**Directions for this task**: Where the records below begin, start copying, and stop after the line that contains "table_cell 0,00 [843, 109, 990, 143]"; reproduce every line exactly but omit pictures.

--- The data Enclosed Below ---

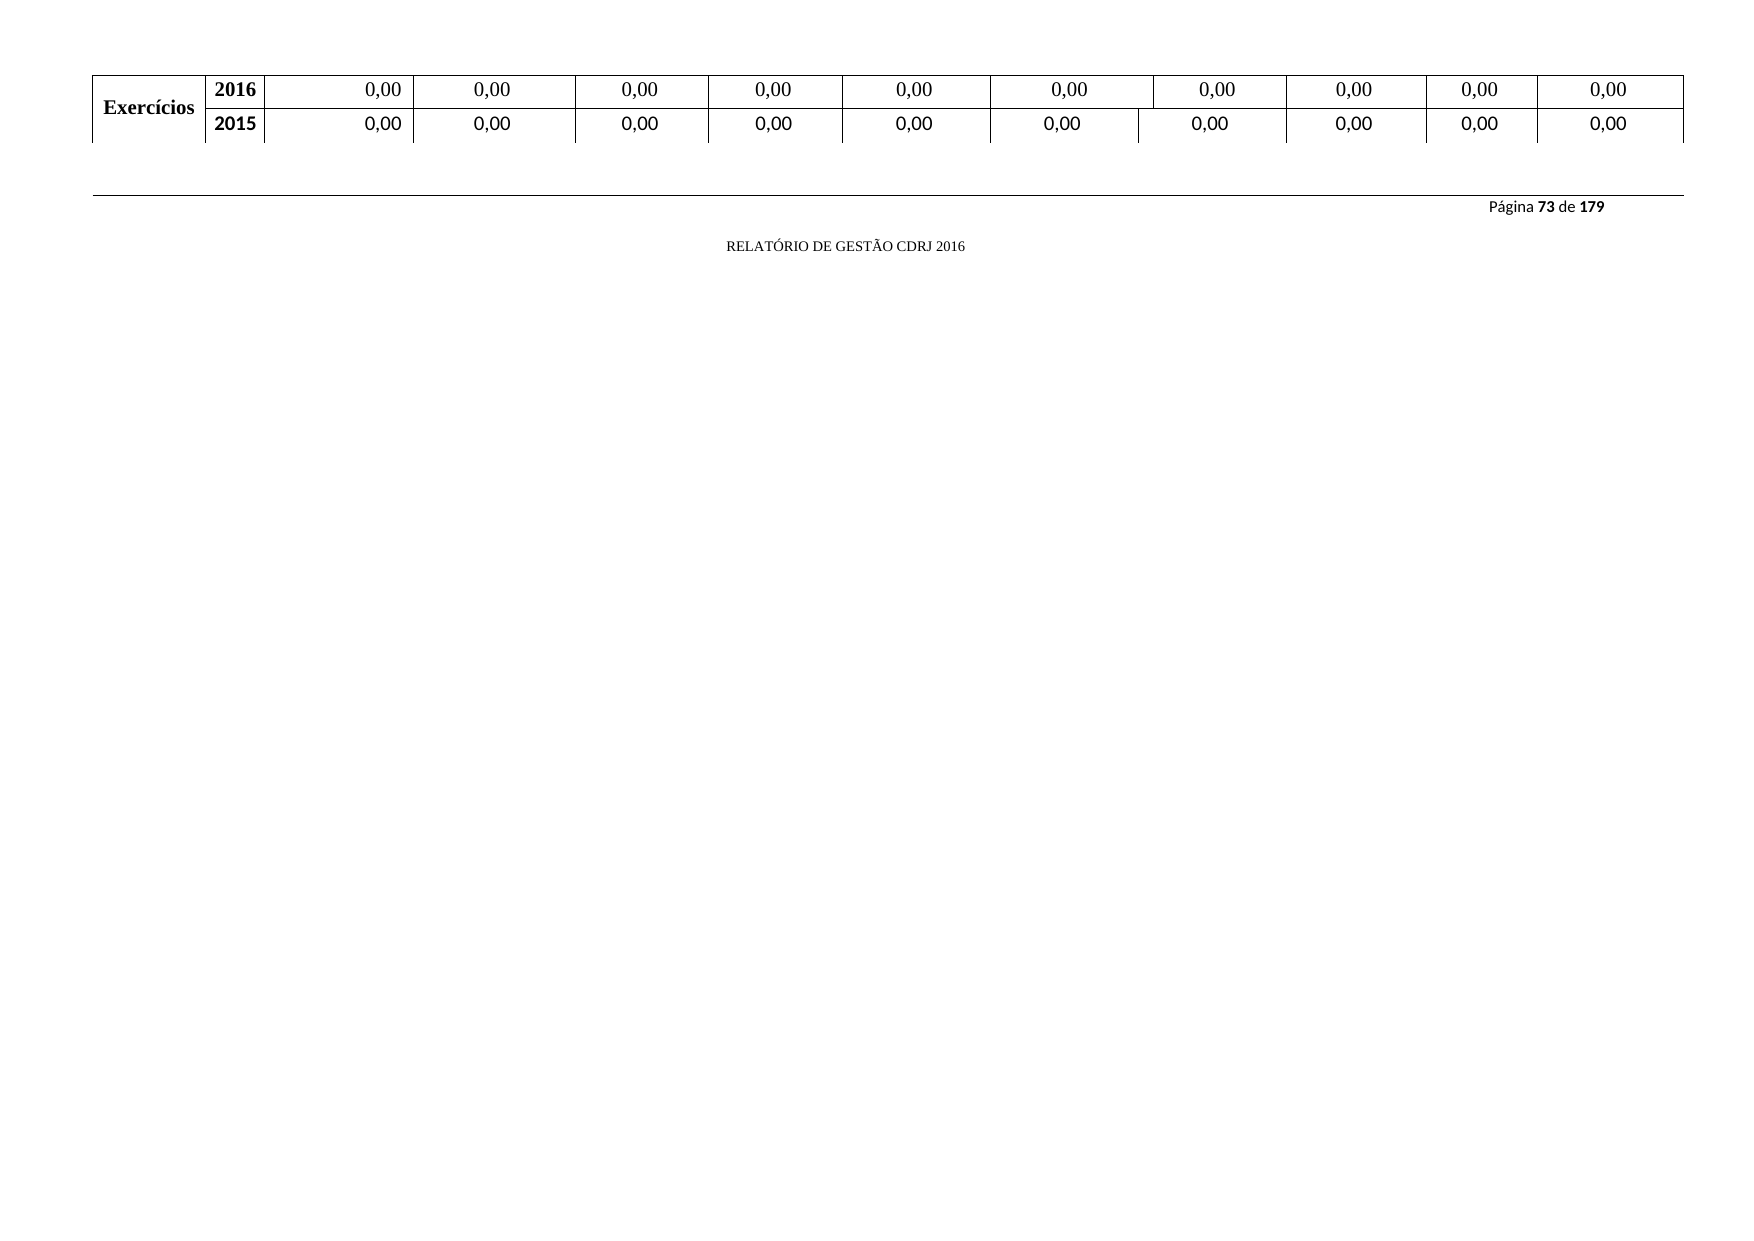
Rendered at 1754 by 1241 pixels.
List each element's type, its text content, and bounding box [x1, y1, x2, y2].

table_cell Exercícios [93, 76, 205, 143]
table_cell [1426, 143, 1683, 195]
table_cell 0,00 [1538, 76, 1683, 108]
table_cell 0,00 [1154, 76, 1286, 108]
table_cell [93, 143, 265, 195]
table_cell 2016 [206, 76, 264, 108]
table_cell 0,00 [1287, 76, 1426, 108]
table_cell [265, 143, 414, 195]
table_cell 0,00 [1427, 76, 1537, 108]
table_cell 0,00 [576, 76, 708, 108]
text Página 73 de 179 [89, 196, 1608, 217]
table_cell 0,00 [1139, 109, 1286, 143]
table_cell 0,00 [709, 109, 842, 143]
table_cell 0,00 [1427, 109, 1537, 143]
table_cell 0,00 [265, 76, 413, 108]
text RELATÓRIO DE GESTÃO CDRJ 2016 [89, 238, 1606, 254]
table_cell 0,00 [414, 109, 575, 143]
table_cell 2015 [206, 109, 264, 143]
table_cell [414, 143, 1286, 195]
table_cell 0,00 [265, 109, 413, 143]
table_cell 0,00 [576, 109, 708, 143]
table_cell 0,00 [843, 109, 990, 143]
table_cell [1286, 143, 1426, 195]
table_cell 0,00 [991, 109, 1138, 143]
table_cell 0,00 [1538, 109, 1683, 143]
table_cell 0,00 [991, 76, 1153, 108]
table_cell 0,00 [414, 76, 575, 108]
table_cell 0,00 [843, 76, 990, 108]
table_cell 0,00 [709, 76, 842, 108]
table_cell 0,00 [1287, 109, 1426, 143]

--- End of Enclosed The data ---

**Answer to the exercise**:
Rendered at 1754 by 1241 pixels.
List each element's type, its text content, and bounding box [x1, y1, x2, y2].

table_cell Exercícios [93, 76, 205, 143]
table_cell [1426, 143, 1683, 195]
table_cell 0,00 [1538, 76, 1683, 108]
table_cell 0,00 [1154, 76, 1286, 108]
table_cell [93, 143, 265, 195]
table_cell 2016 [206, 76, 264, 108]
table_cell 0,00 [1287, 76, 1426, 108]
table_cell [265, 143, 414, 195]
table_cell 0,00 [1427, 76, 1537, 108]
table_cell 0,00 [576, 76, 708, 108]
text Página 73 de 179 [89, 196, 1608, 217]
table_cell 0,00 [1139, 109, 1286, 143]
table_cell 0,00 [709, 109, 842, 143]
table_cell 0,00 [1427, 109, 1537, 143]
table_cell 0,00 [265, 76, 413, 108]
text RELATÓRIO DE GESTÃO CDRJ 2016 [89, 238, 1606, 254]
table_cell 0,00 [414, 109, 575, 143]
table_cell 2015 [206, 109, 264, 143]
table_cell [414, 143, 1286, 195]
table_cell 0,00 [265, 109, 413, 143]
table_cell 0,00 [576, 109, 708, 143]
table_cell 0,00 [843, 109, 990, 143]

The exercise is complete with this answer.